Bound for Sin by Tess LeSue

In Bound for Sin I wanted to tell the story of a woman who has been in love before, who has had children, who is no longer a fresh young debutante – but who is only just beginning her journey as a romantic heroine. Georgiana has had her heart stomped on; she’s been widowed and left to the mercies of a world that isn’t made for single women, and certainly not single women with a pack of children. When she advertises for a husband she isn’t looking for a rich man, or a handsome man, or a smart man; she just wants someone who can help get her and her family across the country to California. She never expects to find the love of her life.
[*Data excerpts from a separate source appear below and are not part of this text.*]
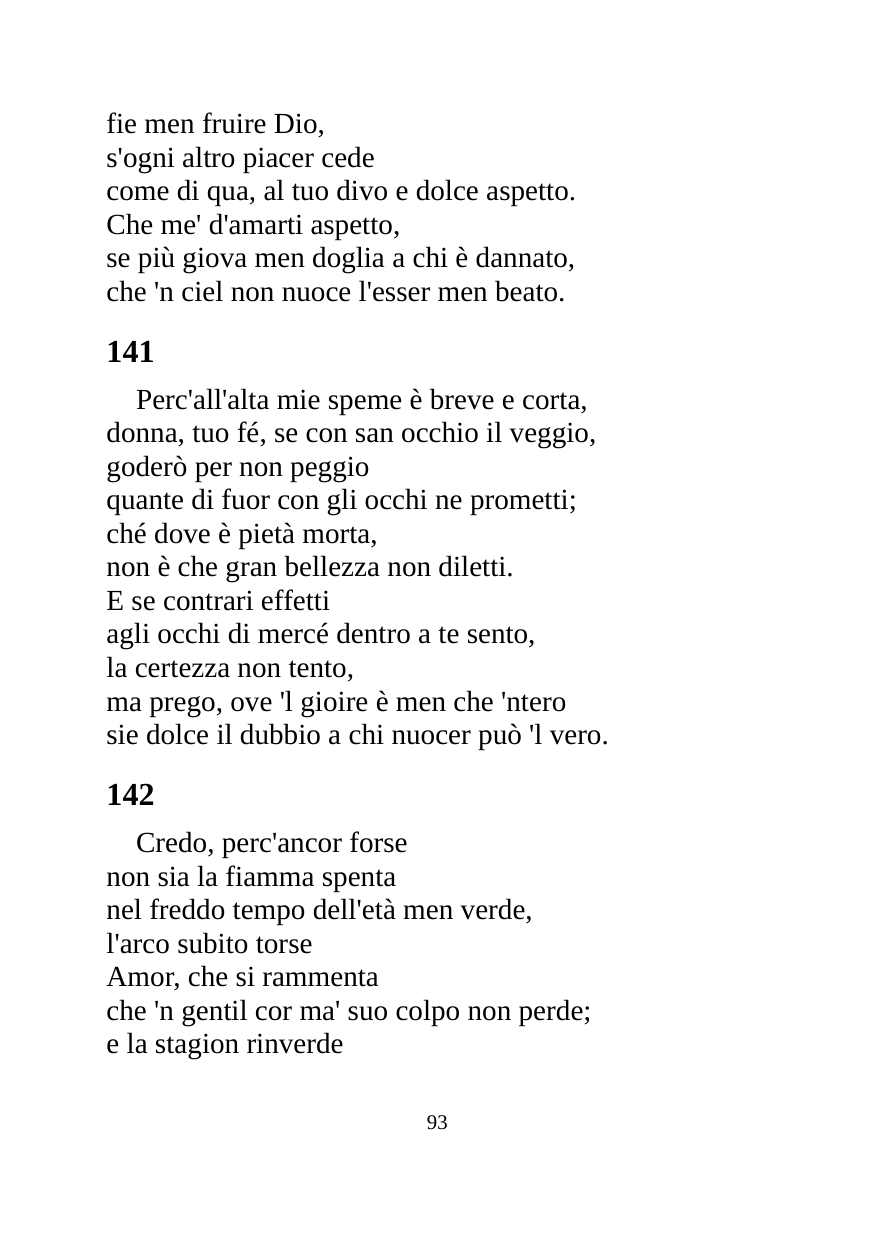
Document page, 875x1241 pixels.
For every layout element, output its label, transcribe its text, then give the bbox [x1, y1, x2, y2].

text donna, tuo fé, se con san occhio il veggio, [106, 415, 768, 449]
text goderò per non peggio [106, 449, 768, 482]
subtitle 142 [106, 776, 768, 813]
text l'arco subito torse [106, 926, 768, 959]
text se più giova men doglia a chi è dannato, [106, 240, 768, 274]
text Perc'all'alta mie speme è breve e corta, [106, 382, 768, 415]
text Amor, che si rammenta [106, 959, 768, 993]
text Credo, perc'ancor forse [106, 825, 768, 859]
text non è che gran bellezza non diletti. [106, 549, 768, 583]
subtitle 141 [106, 332, 768, 369]
text ché dove è pietà morta, [106, 516, 768, 549]
text e la stagion rinverde [106, 1026, 768, 1060]
text s'ogni altro piacer cede [106, 140, 768, 173]
text fie men fruire Dio, [106, 106, 768, 140]
text la certezza non tento, [106, 650, 768, 684]
text come di qua, al tuo divo e dolce aspetto. [106, 173, 768, 207]
text nel freddo tempo dell'età men verde, [106, 892, 768, 926]
text sie dolce il dubbio a chi nuocer può 'l vero. [106, 717, 768, 751]
text ma prego, ove 'l gioire è men che 'ntero [106, 684, 768, 717]
text non sia la fiamma spenta [106, 859, 768, 892]
text E se contrari effetti [106, 583, 768, 617]
text che 'n gentil cor ma' suo colpo non perde; [106, 993, 768, 1026]
text quante di fuor con gli occhi ne prometti; [106, 482, 768, 516]
text che 'n ciel non nuoce l'esser men beato. [106, 274, 768, 307]
text agli occhi di mercé dentro a te sento, [106, 617, 768, 650]
text Che me' d'amarti aspetto, [106, 207, 768, 240]
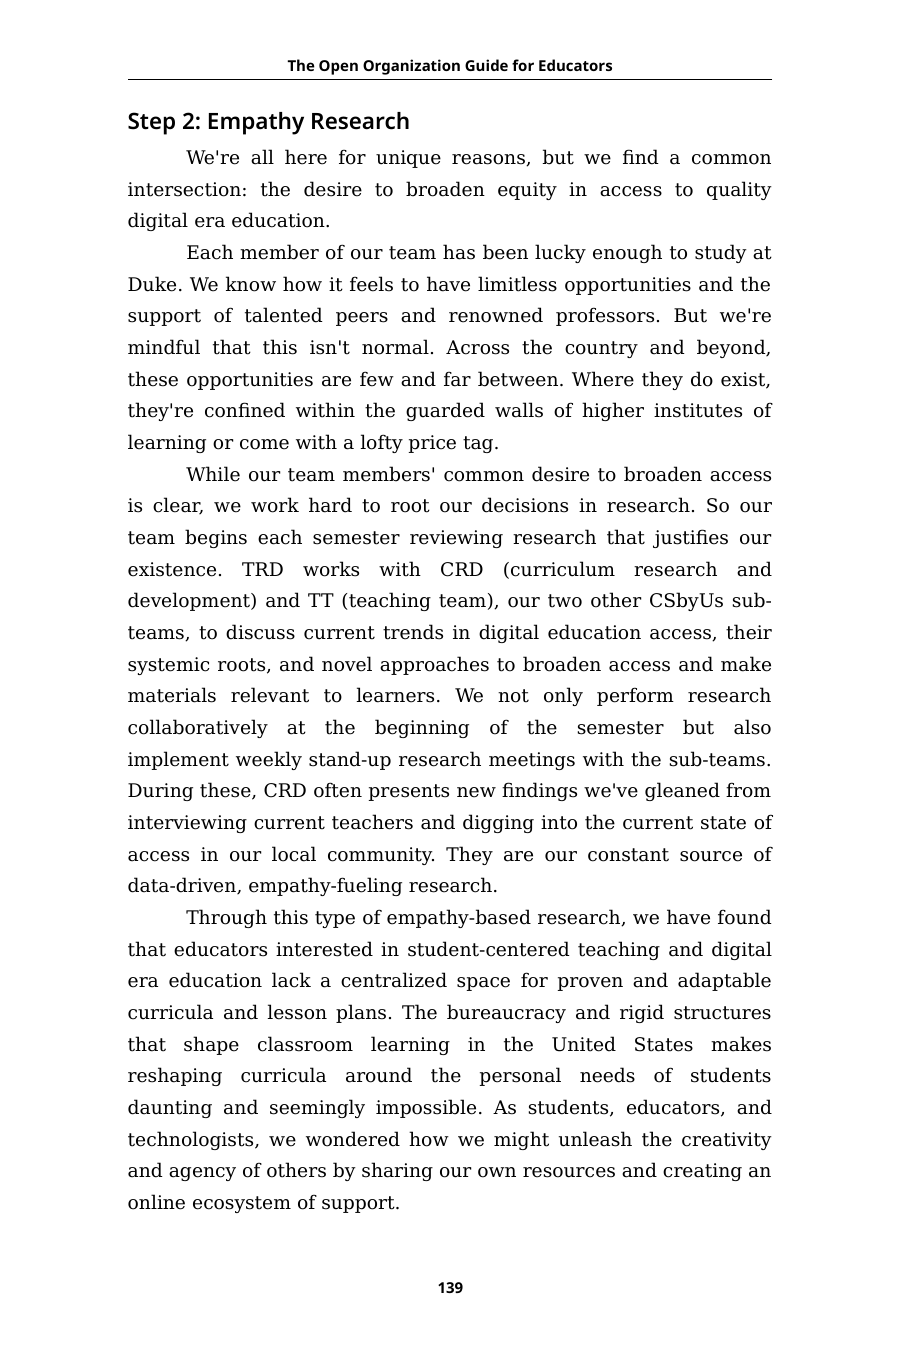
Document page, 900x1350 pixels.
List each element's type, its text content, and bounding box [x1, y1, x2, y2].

subtitle Step 2: Empathy Research [127, 109, 772, 135]
text While our team members' common desire to broaden access is clear, we work hard to root our decisions in research. So our team begins each semester reviewing research that justifies our existence. TRD works with CRD (curriculum research and development) and TT (teaching team), our two other CSbyUs sub-teams, to discuss current trends in digital education access, their systemic roots, and novel approaches to broaden access and make materials relevant to learners. We not only perform research collaboratively at the beginning of the semester but also implement weekly stand-up research meetings with the sub-teams. During these, CRD often presents new findings we've gleaned from interviewing current teachers and digging into the current state of access in our local community. They are our constant source of data-driven, empathy-fueling research. [127, 464, 772, 897]
text Through this type of empathy-based research, we have found that educators interested in student-centered teaching and digital era education lack a centralized space for proven and adaptable curricula and lesson plans. The bureaucracy and rigid structures that shape classroom learning in the United States makes reshaping curricula around the personal needs of students daunting and seemingly impossible. As students, educators, and technologists, we wondered how we might unleash the creativity and agency of others by sharing our own resources and creating an online ecosystem of support. [127, 907, 772, 1214]
text Each member of our team has been lucky enough to study at Duke. We know how it feels to have limitless opportunities and the support of talented peers and renowned professors. But we're mindful that this isn't normal. Across the country and beyond, these opportunities are few and far between. Where they do exist, they're confined within the guarded walls of higher institutes of learning or come with a lofty price tag. [127, 242, 772, 454]
text We're all here for unique reasons, but we find a common intersection: the desire to broaden equity in access to quality digital era education. [127, 147, 772, 232]

Matt isn’t expecting love either. And he’s certainly not looking to be a husband, let alone an instant father. But we don’t choose love; it chooses us. Falling in love is something we understand – the wild joy of it, the excitement, the thrilling arousal and pleasure – but what happens when you fall in love with someone who comes with five children? How does that change the joy and passion? What happens when love comes with immediate responsibility? Matt has spent most of his life alone; people are difficult for him, let alone children. Falling in love with Georgiana sends him on the biggest adventure on his life: he has to grow up. As he tries, fails, and tries again to father her children, he has to face up to the grief in his own past and he has to learn about himself, accept himself, and rise to the challenge of parenting.

Stepparents have often been treated shabbily in fiction (think of the Wicked Queen in Snow White or the Wicked Stepmother in Cinderella) and it’s easy to see why children might resent them or grow jealous. Stepparents can be a very real threat to children: they can be competition for a parent’s love, or a source of change and disruption. But they can also be sources of heroic love. They can come into a child’s life and offer love and support, guidance and stability. By loving the child’s mother or father, they can model healthy relationships. I think stepparents deserve to be recognized for the muscular acts of daily love they show. Parenting is hard, and how much harder must it be when you come into a child’s life later, not at birth, stepping into their existing world and taking their parent’s attention. How much harder must it be when you have to initiate, grow and nurture relationships with a child, or multiple children, who didn’t choose you and don’t necessarily want you in their lives. I think being a patient and loving stepparent is one of the greatest acts of love there is. The true love story in a blended family is multi-stranded. Matt falls in love with Georgiana, and she with him, but over time he and her children also come to love one another; their relationship becomes independent of his relationship with their mother. He loves them for their own sakes; and they love him for his.

Because I live in a blended family, and I saw how my partner and children showed their love for me by learning to love each other (in all the complexity that entails), I was curious about writing a romance about a family. Because love is powerful and has the capacity to change people and the world, and loving a stepchild or stepparent is a conscious and transformative act. Bound for Sin is my love letter to my family, and to everyone who has fallen in love beyond youth and single-life, and to every single parent who is still waiting for the love of their life.